# Brace yourselves for fee increases in April



## nyclon (Apr 3, 2011)

Here is a link to proposed fee increases:

https://www.gov.uk/government/news/new-immigration-and-nationality-fees-for-2016-to-2017


----------



## Joppa (Sep 7, 2009)

The new proposed fees have been announced a while ago, at least a couple of weeks.


----------



## nyclon (Apr 3, 2011)

The actual proposed fees were announced a week ago and there is no prior post on this issue so I thought forum members who may have missed it would like to know.


----------



## Joppa (Sep 7, 2009)

But people have referred to the increased fees in their posts.


----------



## nyclon (Apr 3, 2011)

No harm in giving members a place to reference the proposal as I'm sure not everyone is aware.


----------



## jojo (Sep 20, 2007)

nyclon said:


> No harm in giving members a place to reference the proposal as I'm sure not everyone is aware.


Yes, if its something that will affect our posters, we need to make sure we're informative

Jo xxx


----------



## Joppa (Sep 7, 2009)

I'm just pulling your leg!


----------



## nyclon (Apr 3, 2011)

Joppa said:


> I'm just pulling your leg!


Stop!


----------



## Joppa (Sep 7, 2009)

No I won't. We tend to get too serious and need to relax more. There is life outside Expatforum.


----------



## Girvatron (Dec 15, 2015)

*Changes - April 2016*

Hi

Just a couple of questions;

I see the fees are going up in April which is fine but I also see that they are changing some rule about earning £35k after 5 years or you maybe forced to leave.

Does this affect spouse visas?
Or is it mostly for people on working visas etc..


----------



## Water Dragon (Jun 28, 2011)

Girvatron said:


> Hi
> 
> Just a couple of questions;
> 
> ...


They seem to increase the fees every year in April. The new earning requirement doesn't apply to spouse visas, thankfully.


----------



## Princess86 (Apr 29, 2015)

So what are the fees for spouse visa in April?


----------



## Joppa (Sep 7, 2009)

Applying outside UK, it's going up from £956 to £1,195, up 25%.


----------



## Princess86 (Apr 29, 2015)

I see, great thanks Joppa for confirming  x


----------



## Silverlining (Jun 6, 2013)

Not very clear to me, I'm afraid...so Flr(m) application from within UK on Premium service is £??.?? at the moment?
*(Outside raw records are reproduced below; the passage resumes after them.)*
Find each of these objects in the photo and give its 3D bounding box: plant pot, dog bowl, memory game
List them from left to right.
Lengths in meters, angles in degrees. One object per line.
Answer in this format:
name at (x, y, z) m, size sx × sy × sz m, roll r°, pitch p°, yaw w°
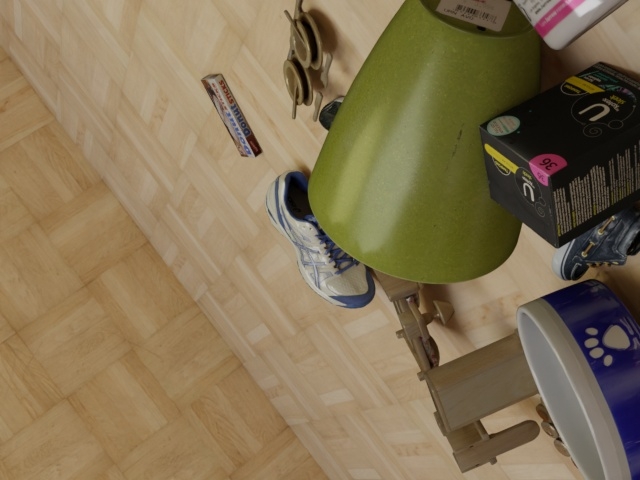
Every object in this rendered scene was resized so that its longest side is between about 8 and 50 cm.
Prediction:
plant pot at (0.144, -0.148, 1.102) m, size 0.275 × 0.274 × 0.294 m, roll 42°, pitch 140°, yaw 26°
memory game at (0.424, 0.324, 1.541) m, size 0.186 × 0.012 × 0.186 m, roll 43°, pitch 156°, yaw 24°
dog bowl at (0.353, 0.187, 1.211) m, size 0.265 × 0.104 × 0.265 m, roll -23°, pitch -90°, yaw -90°

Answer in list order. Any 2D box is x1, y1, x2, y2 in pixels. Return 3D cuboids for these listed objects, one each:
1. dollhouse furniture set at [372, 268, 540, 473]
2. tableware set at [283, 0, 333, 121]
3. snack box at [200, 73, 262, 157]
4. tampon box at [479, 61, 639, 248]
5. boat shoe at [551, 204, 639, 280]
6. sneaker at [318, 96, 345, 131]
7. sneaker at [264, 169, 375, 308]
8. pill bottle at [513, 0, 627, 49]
dollhouse furniture set at (0.227, 0.158, 1.636) m, size 0.355 × 0.173 × 0.303 m, roll -115°, pitch 3°, yaw -56°
tableware set at (-0.035, -0.274, 1.471) m, size 0.194 × 0.039 × 0.128 m, roll 108°, pitch 140°, yaw -64°
snack box at (-0.176, -0.246, 1.878) m, size 0.064 × 0.022 × 0.178 m, roll 12°, pitch 134°, yaw 58°
tampon box at (0.269, -0.092, 0.988) m, size 0.120 × 0.161 × 0.101 m, roll 46°, pitch 160°, yaw 48°
boat shoe at (0.341, 0.010, 1.153) m, size 0.083 × 0.065 × 0.183 m, roll 44°, pitch 156°, yaw 26°
sneaker at (0.046, -0.168, 1.467) m, size 0.178 × 0.077 × 0.072 m, roll 26°, pitch 145°, yaw 50°
sneaker at (0.000, 0.000, 1.776) m, size 0.296 × 0.112 × 0.131 m, roll 50°, pitch 158°, yaw 6°
pill bottle at (0.185, -0.324, 0.828) m, size 0.283 × 0.160 × 0.160 m, roll 53°, pitch 159°, yaw 1°

And then on which date will the fees go up to what amount?! I did have a look at the link, but....nada -_-


----------



## Water Dragon (Jun 28, 2011)

Silverlining said:


> Not very clear to me, I'm afraid...so Flr(m) application from within UK on Premium service is £??.?? at the moment? And then on which date will the fees go up to what amount?! I did have a look at the link, but....nada -_-


Currently, FLR(M) without dependents is 649GBP. To apply using the in person, one day service is an additional 400GBP. These are the prices until they are increased in April.

All the fees for FLR are listed on page 3 of the application. https://www.gov.uk/government/uploads/system/uploads/attachment_data/file/478064/FLR_M__11-15.pdf


----------



## kotch (Jan 3, 2016)

If I'm reading this correctly ILR will be £1850 after the fee increases?

I heard something about how they want to make the whole process self funding. These ECOs must be getting paid fortunes!


----------



## WestCoastCanadianGirl (Mar 17, 2012)

kotch said:


> If I'm reading this correctly ILR will be £1850 after the fee increases?
> 
> I heard something about how they want to make the whole process self-funding. These ECOs must be getting paid fortunes!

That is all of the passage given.